[WORK ITEM] Using the material that follows, output exactly the lines from the one containing "2. trash can with litter at [961, 498, 978, 521]" through the one containing "26. pile of", with both ends kept.

[MATERIAL TO PROCESS]
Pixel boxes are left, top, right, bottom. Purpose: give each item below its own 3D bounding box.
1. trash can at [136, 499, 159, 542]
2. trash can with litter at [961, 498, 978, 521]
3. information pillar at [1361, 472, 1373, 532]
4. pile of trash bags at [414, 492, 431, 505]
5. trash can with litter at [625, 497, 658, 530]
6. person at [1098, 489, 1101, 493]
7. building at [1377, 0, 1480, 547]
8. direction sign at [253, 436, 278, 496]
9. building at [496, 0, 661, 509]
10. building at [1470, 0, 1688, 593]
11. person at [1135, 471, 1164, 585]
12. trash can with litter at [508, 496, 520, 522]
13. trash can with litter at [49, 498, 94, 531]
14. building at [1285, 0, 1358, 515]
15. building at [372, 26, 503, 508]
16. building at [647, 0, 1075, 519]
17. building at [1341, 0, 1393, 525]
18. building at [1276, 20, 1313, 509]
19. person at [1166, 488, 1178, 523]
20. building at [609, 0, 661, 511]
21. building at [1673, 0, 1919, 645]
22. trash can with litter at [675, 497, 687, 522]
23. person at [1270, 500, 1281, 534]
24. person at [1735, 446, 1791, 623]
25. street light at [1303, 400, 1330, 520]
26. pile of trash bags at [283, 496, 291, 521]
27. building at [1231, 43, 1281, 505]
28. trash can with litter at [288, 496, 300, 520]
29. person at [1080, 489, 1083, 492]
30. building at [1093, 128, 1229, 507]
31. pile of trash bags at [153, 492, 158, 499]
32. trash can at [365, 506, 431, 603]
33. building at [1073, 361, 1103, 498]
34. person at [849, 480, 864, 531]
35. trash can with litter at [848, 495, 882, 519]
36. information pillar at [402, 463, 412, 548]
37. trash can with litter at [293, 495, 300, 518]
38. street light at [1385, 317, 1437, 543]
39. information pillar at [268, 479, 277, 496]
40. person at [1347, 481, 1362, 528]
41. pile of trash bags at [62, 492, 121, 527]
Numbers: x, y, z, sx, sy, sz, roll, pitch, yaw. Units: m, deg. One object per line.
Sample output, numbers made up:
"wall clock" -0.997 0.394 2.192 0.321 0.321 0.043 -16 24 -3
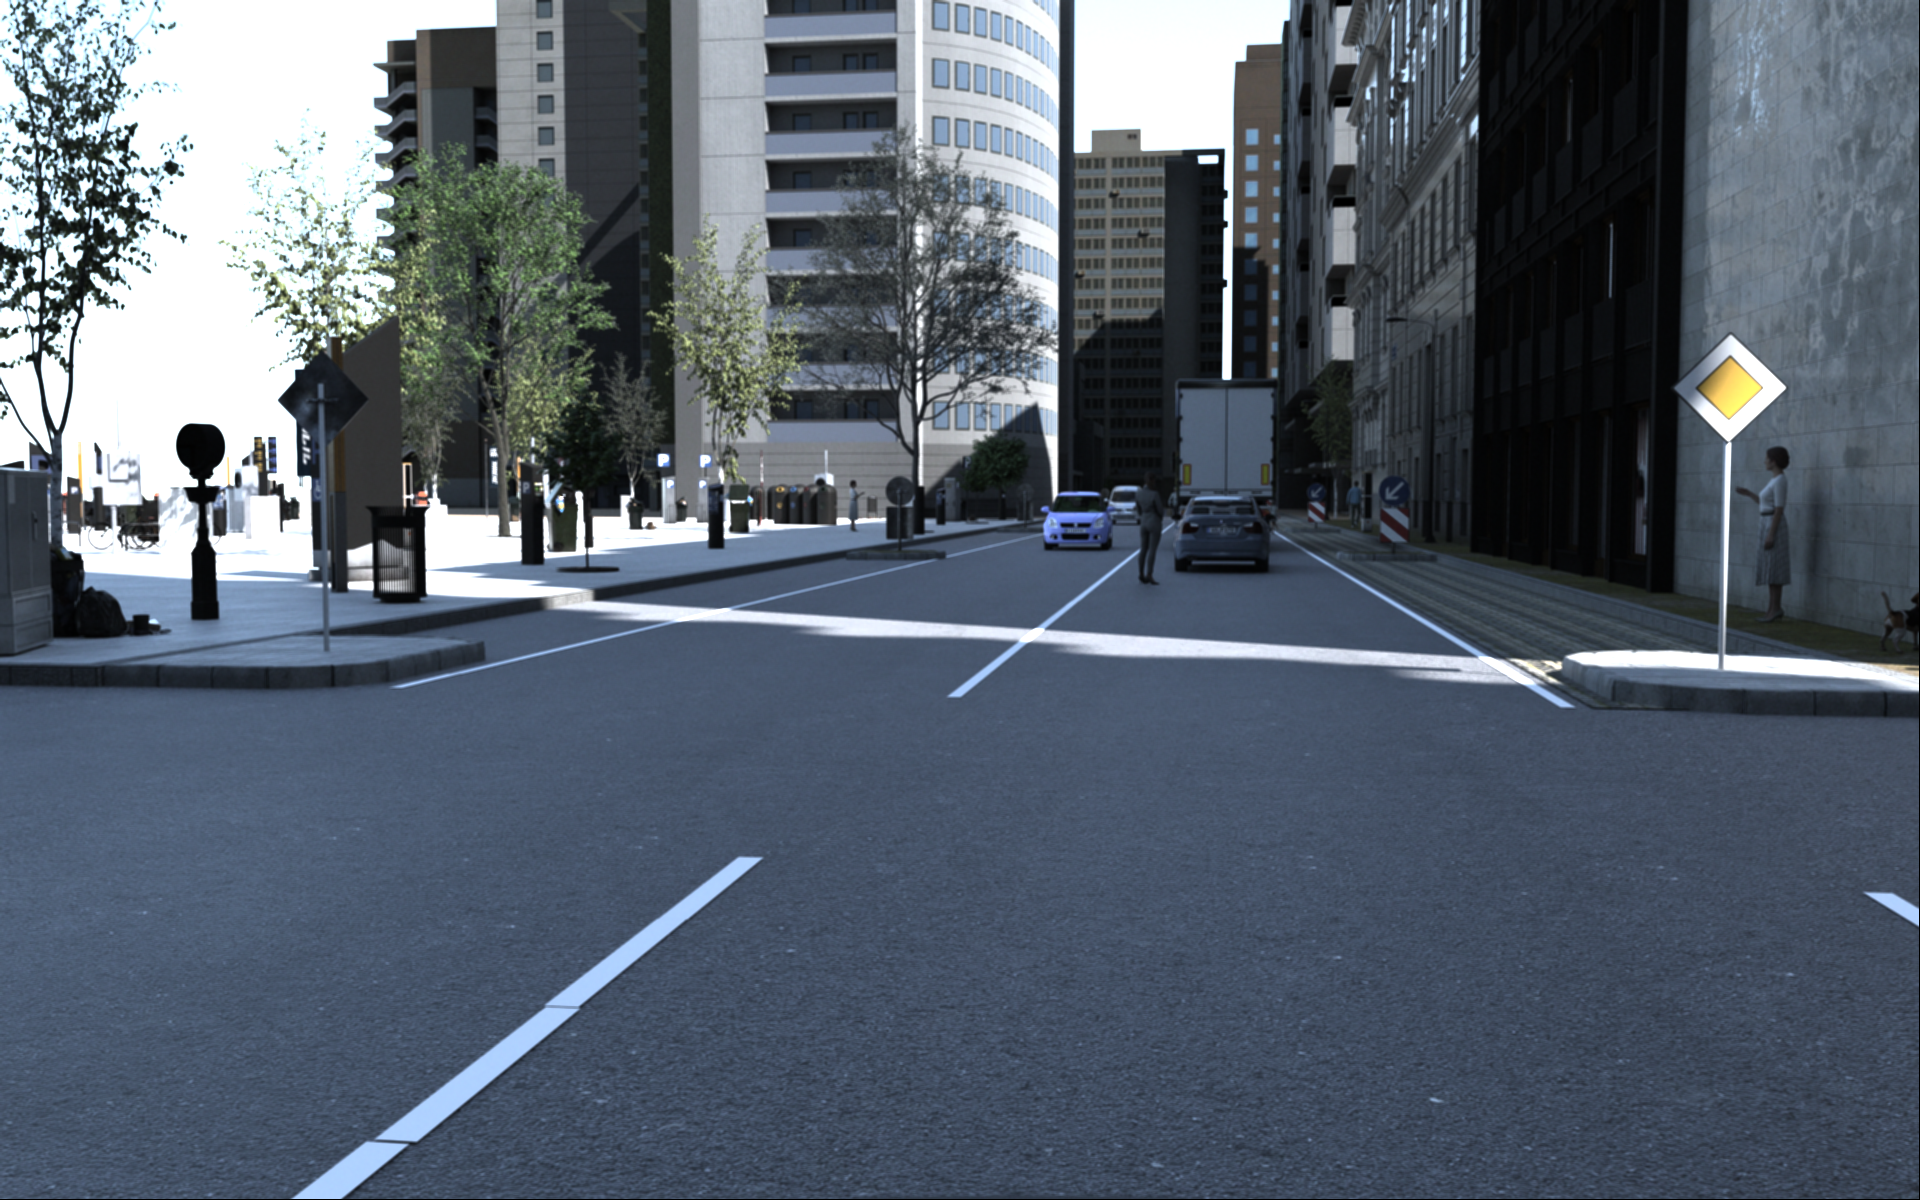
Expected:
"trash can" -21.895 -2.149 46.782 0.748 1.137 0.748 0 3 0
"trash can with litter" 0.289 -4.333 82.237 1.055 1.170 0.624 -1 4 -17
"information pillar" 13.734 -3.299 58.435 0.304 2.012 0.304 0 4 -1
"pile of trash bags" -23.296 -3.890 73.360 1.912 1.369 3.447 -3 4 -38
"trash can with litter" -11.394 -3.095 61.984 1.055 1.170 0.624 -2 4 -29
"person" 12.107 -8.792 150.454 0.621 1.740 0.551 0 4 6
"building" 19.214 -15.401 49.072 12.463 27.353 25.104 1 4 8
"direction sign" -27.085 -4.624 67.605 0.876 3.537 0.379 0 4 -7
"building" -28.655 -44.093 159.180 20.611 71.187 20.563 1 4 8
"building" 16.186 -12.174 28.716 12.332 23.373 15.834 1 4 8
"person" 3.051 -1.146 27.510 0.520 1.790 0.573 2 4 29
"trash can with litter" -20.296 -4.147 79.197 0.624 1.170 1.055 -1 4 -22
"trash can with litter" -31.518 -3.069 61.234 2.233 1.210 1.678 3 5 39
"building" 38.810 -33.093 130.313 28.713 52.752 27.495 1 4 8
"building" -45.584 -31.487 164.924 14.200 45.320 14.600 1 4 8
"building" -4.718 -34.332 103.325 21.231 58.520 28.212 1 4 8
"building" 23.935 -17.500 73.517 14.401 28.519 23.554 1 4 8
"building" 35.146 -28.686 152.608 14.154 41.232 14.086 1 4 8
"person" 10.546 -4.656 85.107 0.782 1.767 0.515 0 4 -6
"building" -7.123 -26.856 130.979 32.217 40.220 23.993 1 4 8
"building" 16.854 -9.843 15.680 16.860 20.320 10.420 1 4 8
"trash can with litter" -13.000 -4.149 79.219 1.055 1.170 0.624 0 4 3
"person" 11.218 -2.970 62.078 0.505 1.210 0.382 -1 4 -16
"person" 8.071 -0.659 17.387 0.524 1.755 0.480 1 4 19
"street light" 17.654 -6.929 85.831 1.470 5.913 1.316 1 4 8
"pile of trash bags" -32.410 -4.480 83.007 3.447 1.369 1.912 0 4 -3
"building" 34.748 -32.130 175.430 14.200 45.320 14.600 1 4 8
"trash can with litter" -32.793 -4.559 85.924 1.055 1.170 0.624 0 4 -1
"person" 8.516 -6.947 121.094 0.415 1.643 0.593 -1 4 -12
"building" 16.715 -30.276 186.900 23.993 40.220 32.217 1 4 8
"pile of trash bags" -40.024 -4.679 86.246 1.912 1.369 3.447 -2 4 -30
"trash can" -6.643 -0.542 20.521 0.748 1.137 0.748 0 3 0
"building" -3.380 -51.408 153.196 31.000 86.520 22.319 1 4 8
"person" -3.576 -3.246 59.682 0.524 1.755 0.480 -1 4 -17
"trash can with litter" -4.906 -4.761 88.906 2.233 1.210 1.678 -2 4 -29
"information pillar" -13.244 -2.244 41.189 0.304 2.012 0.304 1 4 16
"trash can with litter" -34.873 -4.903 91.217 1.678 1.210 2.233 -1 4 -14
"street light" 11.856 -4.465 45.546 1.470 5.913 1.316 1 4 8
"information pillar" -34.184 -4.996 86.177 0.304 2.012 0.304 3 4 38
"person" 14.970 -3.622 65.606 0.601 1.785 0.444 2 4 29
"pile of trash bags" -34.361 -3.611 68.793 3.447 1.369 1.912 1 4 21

[EXERCISE RESPONSE]
2. trash can with litter at [961, 498, 978, 521]
3. information pillar at [1361, 472, 1373, 532]
4. pile of trash bags at [414, 492, 431, 505]
5. trash can with litter at [625, 497, 658, 530]
6. person at [1098, 489, 1101, 493]
7. building at [1377, 0, 1480, 547]
8. direction sign at [253, 436, 278, 496]
9. building at [496, 0, 661, 509]
10. building at [1470, 0, 1688, 593]
11. person at [1135, 471, 1164, 585]
12. trash can with litter at [508, 496, 520, 522]
13. trash can with litter at [49, 498, 94, 531]
14. building at [1285, 0, 1358, 515]
15. building at [372, 26, 503, 508]
16. building at [647, 0, 1075, 519]
17. building at [1341, 0, 1393, 525]
18. building at [1276, 20, 1313, 509]
19. person at [1166, 488, 1178, 523]
20. building at [609, 0, 661, 511]
21. building at [1673, 0, 1919, 645]
22. trash can with litter at [675, 497, 687, 522]
23. person at [1270, 500, 1281, 534]
24. person at [1735, 446, 1791, 623]
25. street light at [1303, 400, 1330, 520]
26. pile of trash bags at [283, 496, 291, 521]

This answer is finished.